Timeout defines the number of seconds the server waits for a transfer to complete. The value needs to be large enough to handle the size of the files your site sends as well as the low performance of the modem connections of your clients. But if it is set too high, the server will hold open connections for clients that may have gone offline. The Solaris configuration has the Timeout set to 5 minutes (300 seconds), which is a very common setting.

BrowserMatch is a different type of tuning parameter: it reduces performance for compatibility’s sake. The Solaris configuration contains the following five BrowserMatch directives:

BrowserMatch "Mozilla/2" nokeepalive
BrowserMatch "MSIE 4\.0b2;" nokeepalive downgrade-1.0 force-response-1.0
BrowserMatch "RealPlayer 4\.0" force-response-1.0
BrowserMatch "Java/1\.0" force-response-1.0
BrowserMatch "JDK/1\.0" force-response-1.0

The BrowserMatch statements are used to present information in ways that are compatible with the capabilities of different web browsers. For example, a browser may be able to handle only HTTP 1.0, not HTTP 1.1. In this case, downgrade-1.0 is used on the BrowserMatch line to ensure that the server uses only HTTP 1.0 when dealing with that browser.

In the Solaris configuration, keepalives are disabled for two browsers. One browser is offered only HTTP 1.0 during the connection, and responses are formatted to be compatible with HTTP 1.0 for four different browsers.

Don’t fiddle with the BrowserMatch directives. These settings are shipped as defaults in the Apache distribution, and are set to handle the limitations of different browsers. These are tuning parameters, but they are used by the Apache developers to adjust to the limitations of older browsers.

HostnameLookups tells httpd whether or not it should log hostnames as well as IP addresses. The advantage of enabling hostname logging is that you get a more readable log. The disadvantage is that httpd has the added overhead of DNS name lookups. Setting this to off, as in the Solaris configuration, enhances server performance. The HostnameLookups directive affects what is logged, but its major impact is on system performance, which is why we cover it under tuning parameters instead of logging directives.
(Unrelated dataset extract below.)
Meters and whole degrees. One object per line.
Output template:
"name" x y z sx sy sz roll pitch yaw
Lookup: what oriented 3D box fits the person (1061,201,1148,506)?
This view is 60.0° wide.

Logging Configuration Directives

Log files provide a great deal of information about the web server. The following seven lines define the Apache logging configuration in the default Solaris 8 httpd.conf file:

ErrorLog /var/apache/logs/error_log
LogLevel warn
LogFormat "%h %l %u %t \"%r\" %>s %b \"%{Referer}i\" \"%{User-Agent}i\"" combined
LogFormat "%h %l %u %t \"%r\" %>s %b" common
LogFormat "%{Referer}i -> %U" referer
LogFormat "%{User-agent}i" agent
CustomLog /var/apache/logs/access_log common

ErrorLog defines the path of the error log file. Use the error log to track and correct failures. You should review the log at least once a day to check for problems. To keep a close eye on the file while you’re logged in, use the tail command with the -f option:

$ tail -l 1 -f /var/log/httpd/apache/error_log

The tail command prints the tail end of a file; in the example, the file is /var/log/httpd/apache/error_log. The -l option is the lines option. It tells tail how many lines from the end of the file to print. In this case, -l 1 directs tail to print the (one) last line in the file. The -f option keeps the tail process running so that you will see each record as it is written to the file. This allows you to monitor the file in real time.
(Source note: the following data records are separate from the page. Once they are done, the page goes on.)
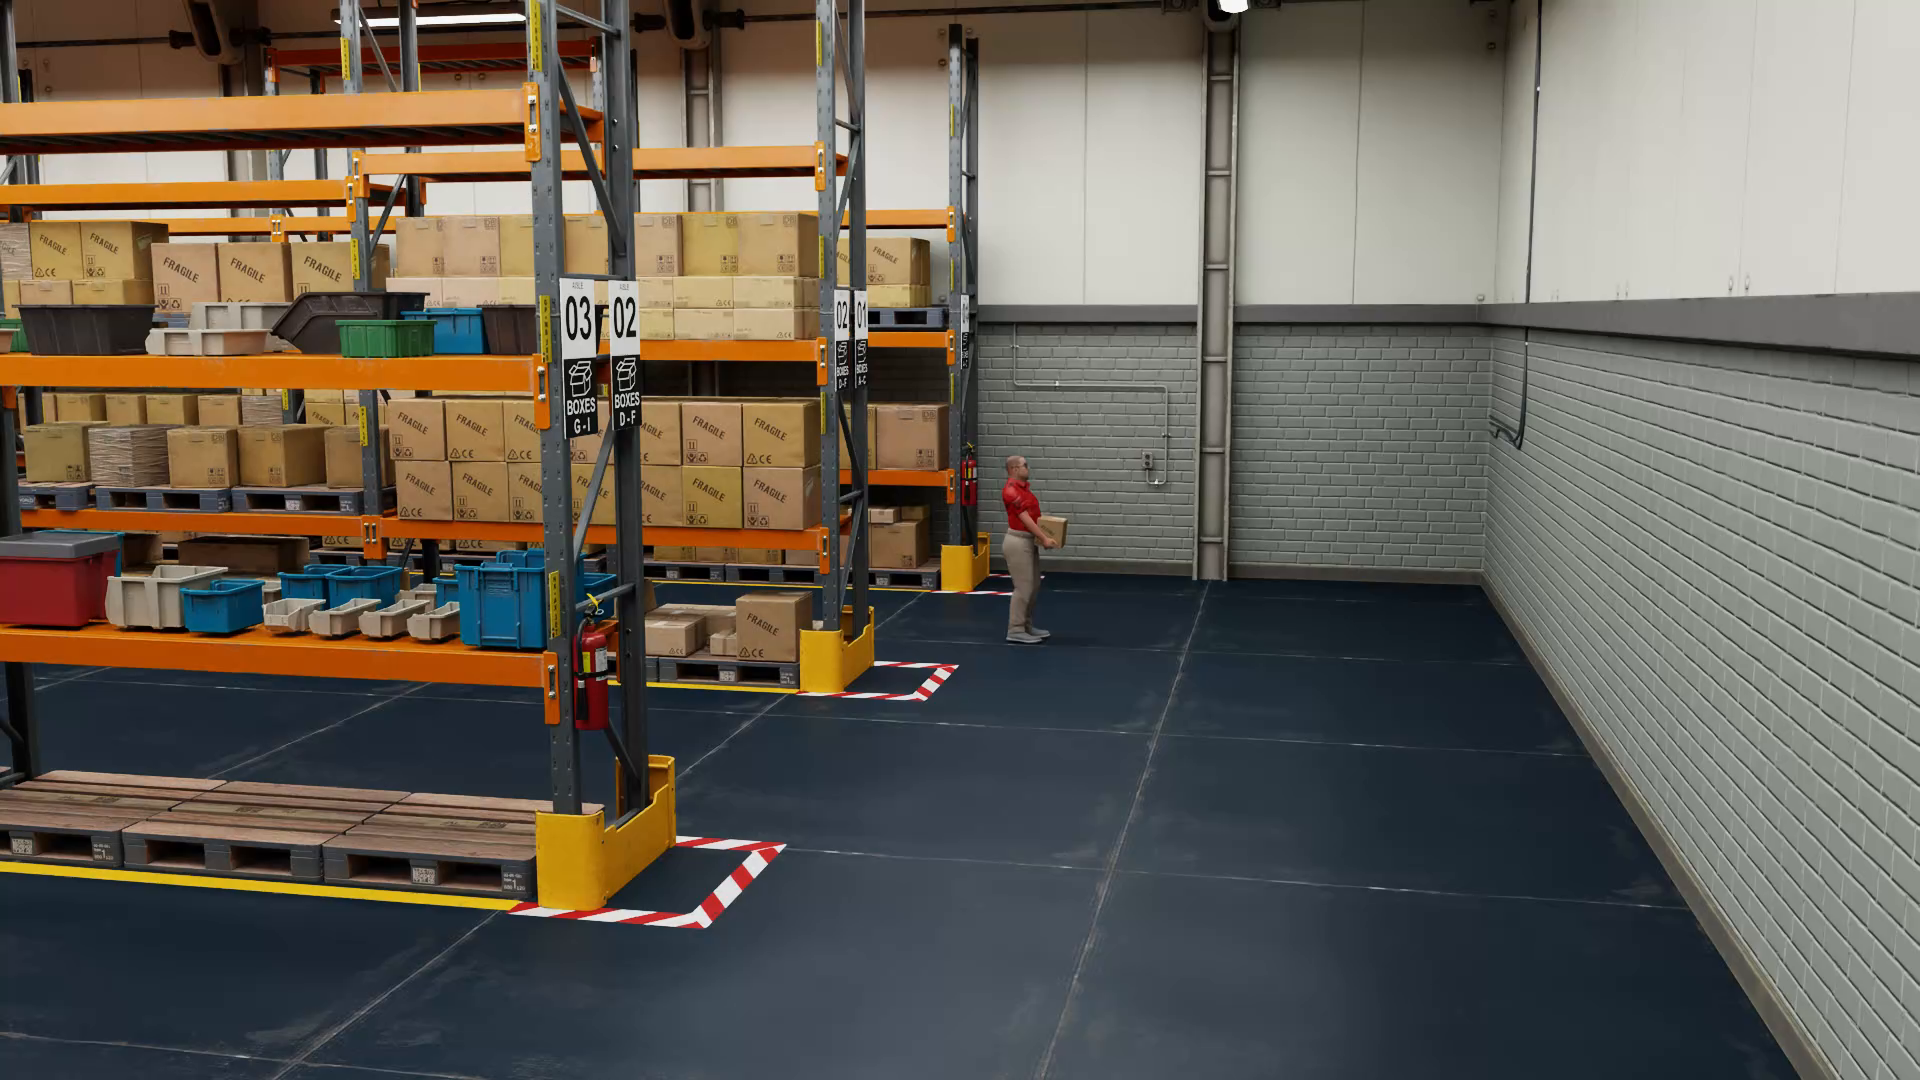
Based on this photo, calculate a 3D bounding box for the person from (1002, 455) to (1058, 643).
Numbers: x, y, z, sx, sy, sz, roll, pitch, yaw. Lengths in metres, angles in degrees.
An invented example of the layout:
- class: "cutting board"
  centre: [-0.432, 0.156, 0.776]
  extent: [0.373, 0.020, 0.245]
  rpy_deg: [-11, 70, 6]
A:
- class: "person"
  centre: [0.668, 0.074, 15.378]
  extent: [0.530, 1.712, 0.493]
  rpy_deg: [2, 8, 11]

The LogLevel directive defines the type of events written to the error log. The Solaris configuration sets LogLevel to warn, which specifies that warnings and other more critical errors are to be written to the log. This is a safe setting for an error log because it logs a wide variety of operational errors. LogLevel has eight possible settings: debug, info, notice, warn, error, crit, alert, and emerg. The log levels are cumulative. For example, warn provides warnings, errors, critical messages, alerts, and emergency messages; debug provides all types of logging, which causes the file to grow at a very rapid rate; emerg keeps the file small but notifies you only of disasters. warn is a good compromise between not enough detail and too much detail.

Just as important as reporting errors, the logs provide information about who is using the server, how much it is being used, and how well it is servicing the users. Web servers are used to distribute information; if no one wants or uses the information, you need to know it. The LogFormat and CustomLog directives do not configure the error log, but rather how server activity is logged.

Defining the log file format

The LogFormat directives define the format of log file entries. A LogFormat directive contains two things: the layout of a file entry and a label used in the httpd.conf file to identify the log entry. The layout of the entry is placed directly after the LogFormat keyword and is enclosed in quotes. The layout is defined using literals and variables.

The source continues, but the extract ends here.